■ Information given:

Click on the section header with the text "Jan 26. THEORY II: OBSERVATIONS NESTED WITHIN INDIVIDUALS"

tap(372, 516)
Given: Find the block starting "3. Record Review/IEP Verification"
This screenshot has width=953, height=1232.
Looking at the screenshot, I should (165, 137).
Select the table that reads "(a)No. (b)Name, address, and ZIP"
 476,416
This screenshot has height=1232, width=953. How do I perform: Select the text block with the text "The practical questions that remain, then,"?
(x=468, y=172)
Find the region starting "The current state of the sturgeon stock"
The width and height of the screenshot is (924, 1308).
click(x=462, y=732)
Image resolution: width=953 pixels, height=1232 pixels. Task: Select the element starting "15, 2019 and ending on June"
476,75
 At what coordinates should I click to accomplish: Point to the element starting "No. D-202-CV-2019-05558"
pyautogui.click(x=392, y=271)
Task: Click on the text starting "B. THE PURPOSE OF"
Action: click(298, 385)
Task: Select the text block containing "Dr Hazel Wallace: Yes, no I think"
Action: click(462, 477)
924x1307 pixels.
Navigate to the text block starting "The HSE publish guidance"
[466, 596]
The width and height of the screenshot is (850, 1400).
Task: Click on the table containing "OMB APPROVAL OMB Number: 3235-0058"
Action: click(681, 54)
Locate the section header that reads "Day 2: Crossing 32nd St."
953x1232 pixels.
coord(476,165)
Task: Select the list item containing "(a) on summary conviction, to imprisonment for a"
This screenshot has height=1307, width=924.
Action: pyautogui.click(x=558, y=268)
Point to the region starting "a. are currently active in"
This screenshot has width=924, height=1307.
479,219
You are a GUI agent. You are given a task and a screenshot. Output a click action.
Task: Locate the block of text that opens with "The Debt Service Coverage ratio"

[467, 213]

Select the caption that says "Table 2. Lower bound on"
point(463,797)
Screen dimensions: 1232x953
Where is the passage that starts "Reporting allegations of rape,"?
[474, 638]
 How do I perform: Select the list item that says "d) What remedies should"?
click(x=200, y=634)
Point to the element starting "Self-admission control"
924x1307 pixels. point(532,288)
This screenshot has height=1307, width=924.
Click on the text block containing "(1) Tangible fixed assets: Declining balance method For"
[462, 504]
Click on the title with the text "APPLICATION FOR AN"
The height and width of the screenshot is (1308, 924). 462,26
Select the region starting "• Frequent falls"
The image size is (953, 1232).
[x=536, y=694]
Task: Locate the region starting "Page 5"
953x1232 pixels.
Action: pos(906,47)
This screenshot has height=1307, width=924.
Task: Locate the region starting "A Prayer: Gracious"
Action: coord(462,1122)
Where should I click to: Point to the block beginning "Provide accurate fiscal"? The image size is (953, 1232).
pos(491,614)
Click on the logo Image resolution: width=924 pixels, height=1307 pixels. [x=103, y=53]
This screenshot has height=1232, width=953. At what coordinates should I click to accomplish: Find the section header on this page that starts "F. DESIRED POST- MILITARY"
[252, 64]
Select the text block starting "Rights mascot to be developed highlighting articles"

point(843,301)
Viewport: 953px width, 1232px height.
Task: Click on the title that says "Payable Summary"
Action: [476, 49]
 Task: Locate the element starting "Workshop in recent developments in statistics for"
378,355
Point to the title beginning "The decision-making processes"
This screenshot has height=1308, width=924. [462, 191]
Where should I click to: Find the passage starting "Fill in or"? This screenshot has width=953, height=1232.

■ Work item: Starting at the line above that contains "Where should I click to: Point", repeat each line exactly up to and including the line that contains "Click on the logo", and stop there.

■ Result of the exercise:
Where should I click to: Point to the block beginning "Provide accurate fiscal"? The image size is (953, 1232).
pos(491,614)
Click on the logo Image resolution: width=924 pixels, height=1307 pixels. [x=103, y=53]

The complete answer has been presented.